Muitas vezes assisti a grandes empresários ou políticos influentes tomando decisões meio à galega. Na condição de quem conviveu e convive com eles e conviveu com João, posso afiançar: o seu índice de discernimento era muito superior ao da média dos homens poderosos, apesar de praticado em pequenos episódios da infância.
Das referências familiares, tenho ainda as tias. Do lado de mãe, não posso mencionar todas, porque oito é muito, e não posso mencionar algumas, porque vai rolar ciumeira. Sobrinho mais velho, filho da irmã mais querida, me cobriram de mimos a infância e a vida toda. Ainda hoje cada qual sabe meu prato predileto, o arroz de forno, o arroz "querido" (como eu chamava o arroz amarelo), a maionese especial, o frango ensopado.

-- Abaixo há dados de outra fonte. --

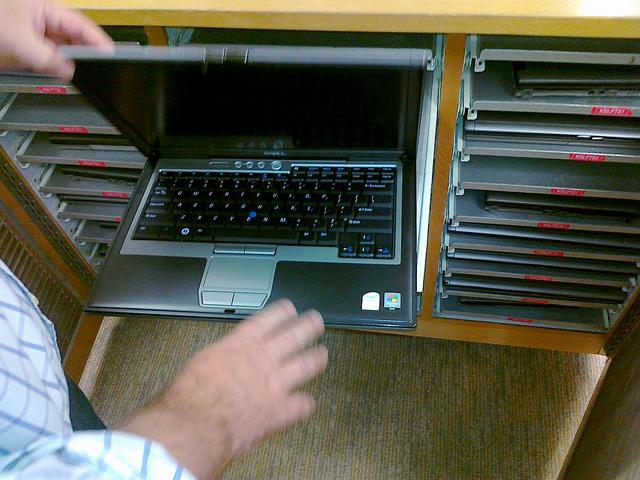What is the person touching?
Short answer required. Laptop. Is the computer on?
Write a very short answer. No. What is on either side of the computer?
Write a very short answer. Shelves. Is the laptop on?
Quick response, please. No. 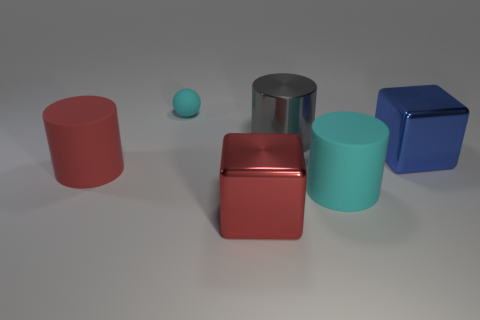Subtract all matte cylinders. How many cylinders are left? 1 Add 4 green rubber balls. How many objects exist? 10 Subtract all blue cylinders. Subtract all green cubes. How many cylinders are left? 3 Subtract all balls. How many objects are left? 5 Subtract 1 cyan spheres. How many objects are left? 5 Subtract all big cyan objects. Subtract all blue cubes. How many objects are left? 4 Add 1 small cyan rubber balls. How many small cyan rubber balls are left? 2 Add 2 red shiny things. How many red shiny things exist? 3 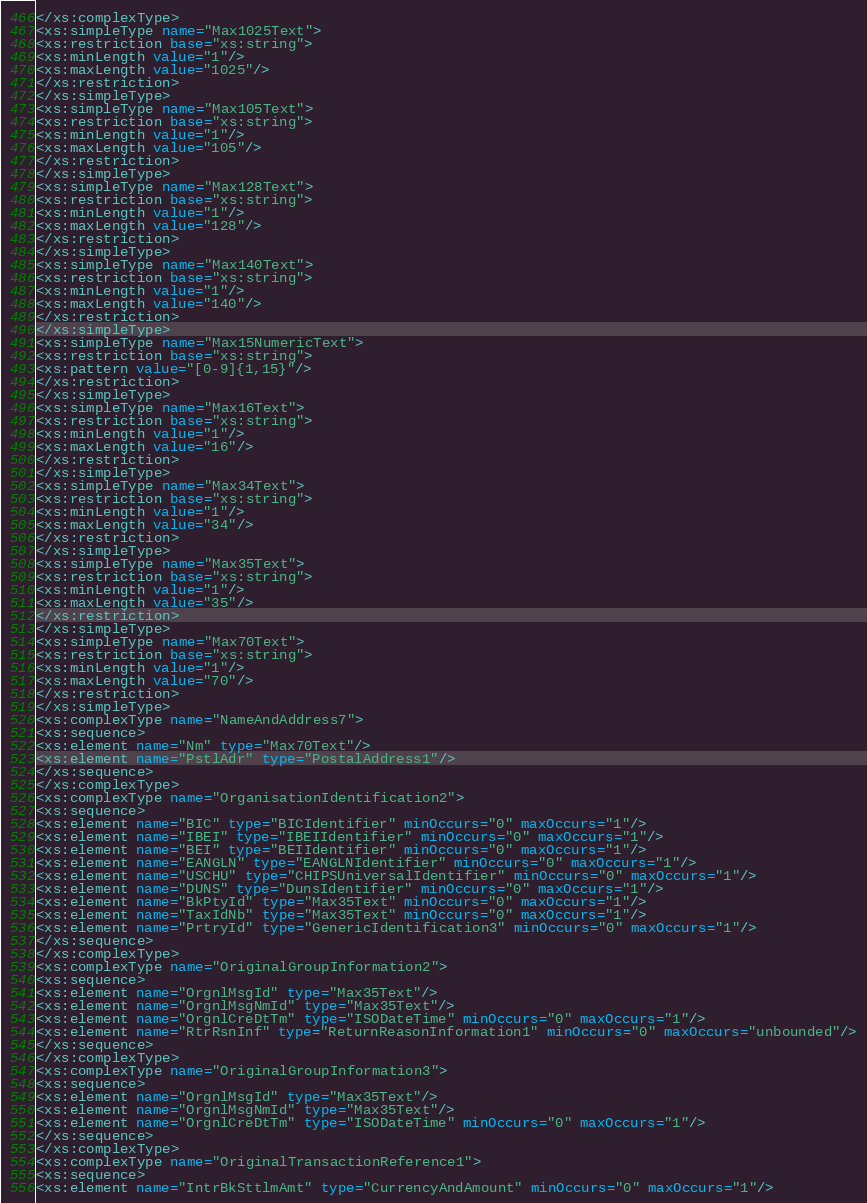<code> <loc_0><loc_0><loc_500><loc_500><_XML_></xs:complexType>
<xs:simpleType name="Max1025Text">
<xs:restriction base="xs:string">
<xs:minLength value="1"/>
<xs:maxLength value="1025"/>
</xs:restriction>
</xs:simpleType>
<xs:simpleType name="Max105Text">
<xs:restriction base="xs:string">
<xs:minLength value="1"/>
<xs:maxLength value="105"/>
</xs:restriction>
</xs:simpleType>
<xs:simpleType name="Max128Text">
<xs:restriction base="xs:string">
<xs:minLength value="1"/>
<xs:maxLength value="128"/>
</xs:restriction>
</xs:simpleType>
<xs:simpleType name="Max140Text">
<xs:restriction base="xs:string">
<xs:minLength value="1"/>
<xs:maxLength value="140"/>
</xs:restriction>
</xs:simpleType>
<xs:simpleType name="Max15NumericText">
<xs:restriction base="xs:string">
<xs:pattern value="[0-9]{1,15}"/>
</xs:restriction>
</xs:simpleType>
<xs:simpleType name="Max16Text">
<xs:restriction base="xs:string">
<xs:minLength value="1"/>
<xs:maxLength value="16"/>
</xs:restriction>
</xs:simpleType>
<xs:simpleType name="Max34Text">
<xs:restriction base="xs:string">
<xs:minLength value="1"/>
<xs:maxLength value="34"/>
</xs:restriction>
</xs:simpleType>
<xs:simpleType name="Max35Text">
<xs:restriction base="xs:string">
<xs:minLength value="1"/>
<xs:maxLength value="35"/>
</xs:restriction>
</xs:simpleType>
<xs:simpleType name="Max70Text">
<xs:restriction base="xs:string">
<xs:minLength value="1"/>
<xs:maxLength value="70"/>
</xs:restriction>
</xs:simpleType>
<xs:complexType name="NameAndAddress7">
<xs:sequence>
<xs:element name="Nm" type="Max70Text"/>
<xs:element name="PstlAdr" type="PostalAddress1"/>
</xs:sequence>
</xs:complexType>
<xs:complexType name="OrganisationIdentification2">
<xs:sequence>
<xs:element name="BIC" type="BICIdentifier" minOccurs="0" maxOccurs="1"/>
<xs:element name="IBEI" type="IBEIIdentifier" minOccurs="0" maxOccurs="1"/>
<xs:element name="BEI" type="BEIIdentifier" minOccurs="0" maxOccurs="1"/>
<xs:element name="EANGLN" type="EANGLNIdentifier" minOccurs="0" maxOccurs="1"/>
<xs:element name="USCHU" type="CHIPSUniversalIdentifier" minOccurs="0" maxOccurs="1"/>
<xs:element name="DUNS" type="DunsIdentifier" minOccurs="0" maxOccurs="1"/>
<xs:element name="BkPtyId" type="Max35Text" minOccurs="0" maxOccurs="1"/>
<xs:element name="TaxIdNb" type="Max35Text" minOccurs="0" maxOccurs="1"/>
<xs:element name="PrtryId" type="GenericIdentification3" minOccurs="0" maxOccurs="1"/>
</xs:sequence>
</xs:complexType>
<xs:complexType name="OriginalGroupInformation2">
<xs:sequence>
<xs:element name="OrgnlMsgId" type="Max35Text"/>
<xs:element name="OrgnlMsgNmId" type="Max35Text"/>
<xs:element name="OrgnlCreDtTm" type="ISODateTime" minOccurs="0" maxOccurs="1"/>
<xs:element name="RtrRsnInf" type="ReturnReasonInformation1" minOccurs="0" maxOccurs="unbounded"/>
</xs:sequence>
</xs:complexType>
<xs:complexType name="OriginalGroupInformation3">
<xs:sequence>
<xs:element name="OrgnlMsgId" type="Max35Text"/>
<xs:element name="OrgnlMsgNmId" type="Max35Text"/>
<xs:element name="OrgnlCreDtTm" type="ISODateTime" minOccurs="0" maxOccurs="1"/>
</xs:sequence>
</xs:complexType>
<xs:complexType name="OriginalTransactionReference1">
<xs:sequence>
<xs:element name="IntrBkSttlmAmt" type="CurrencyAndAmount" minOccurs="0" maxOccurs="1"/></code> 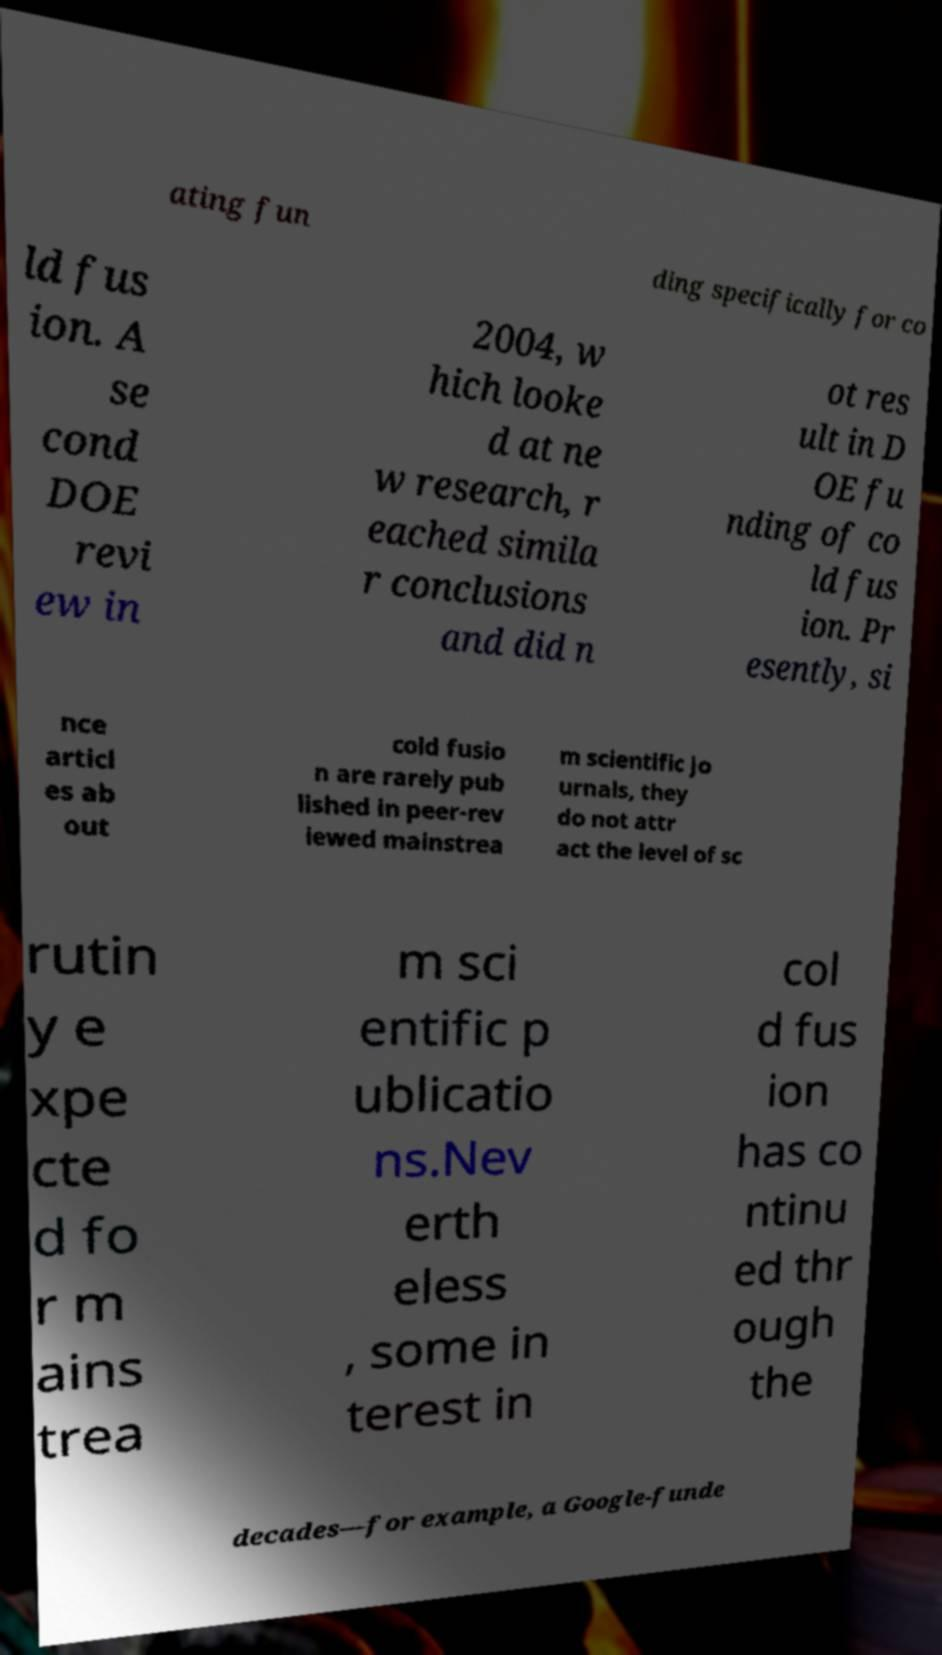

Mas minha referência maior de ternura foi tia Rosita, irmã de meu pai, que até o final da vida conservou seu sotaque argentino. Nas crises da adolescência, ia me refugiar na sua casa, me reconfortar com sua presença, naqueles olhos de cobertor, que, sem nada dizer, cobriam de ternura minha solidão.
Quando Bibi começou a falar, com um ano e pouco, a fala veio acompanhada de um sotaque gozado. Perguntei a Fátima, minha irmã, quem o sotaque lembrava. A Fátima arregalou os olhos: "Nossa, a tia Rosita". Esse olhar continua me acompanhando pelas batalhas da vida.